Eddie pictures with his wife with bookshelves behind them

Born in England in 1927, artist, author and former International Director of The Leprosy Mission, Eddie Askew died in 2007, leaving an extraordinary legacy: he had dedicated half a century – and more than half his life – to relieving the pain and mistreatment of persons affected by leprosy around the world.

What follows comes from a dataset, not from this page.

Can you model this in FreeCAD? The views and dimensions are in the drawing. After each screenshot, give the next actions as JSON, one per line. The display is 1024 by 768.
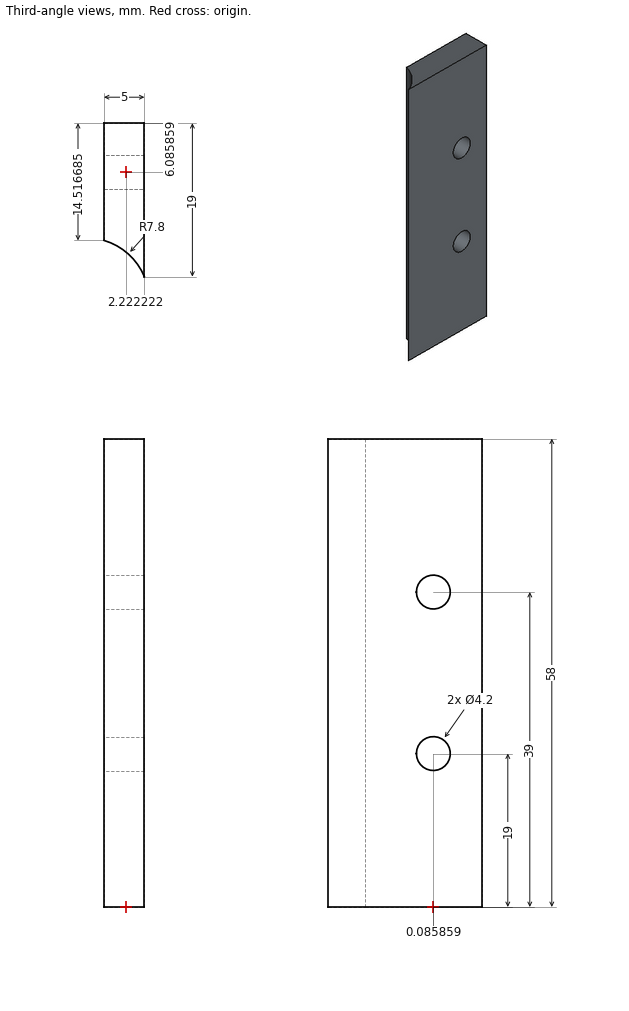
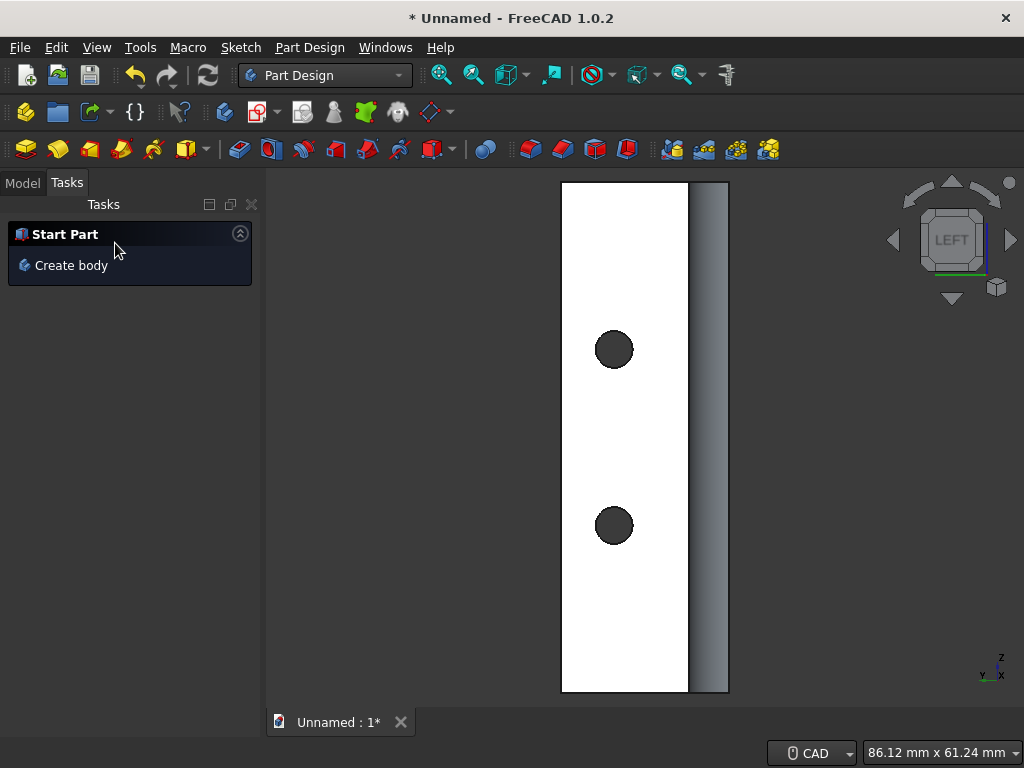
{"action": "key", "text": "0"}

In his ‘retirement’ Eddie focused on painting and writing – the sale of his 17 books and paintings raised more than £2m for The Leprosy Mission. But it all began in 1950, when newlyweds Eddie and Barbara moved to West Bengal, India, to teach at the school for children with leprosy at The Leprosy Mission’s Purulia Hospital.

Later Eddie took over as supervisor of the 600-bed TLM’s Purulia Leprosy Home and Hospital, where he worked alongside leprosy patients and experts to revolutionise how persons affected by leprosy were treated – both medically and by a world that feared them.

The couple stayed for 15 years, transforming the hospital and raising two daughters; Jenny and Stephanie. Witnessing a pioneering tendon transfer operation at the age of six set things in motion for Jenny to become a physiotherapist: “I can still see it and was totally amazed by the physiotherapist managing to get a person to move their fingers,” Jenny recalled.

Jenny fondly recalls accompanying her father on his final visit to Purulia, not long before he died: “People remembered him and would come up to him saying, ‘I’m the little six-year-old you took in when I had leprosy. My daughter is now a doctor and my son a teacher and I have grandchildren’. People just wanted to say ‘thank you’.”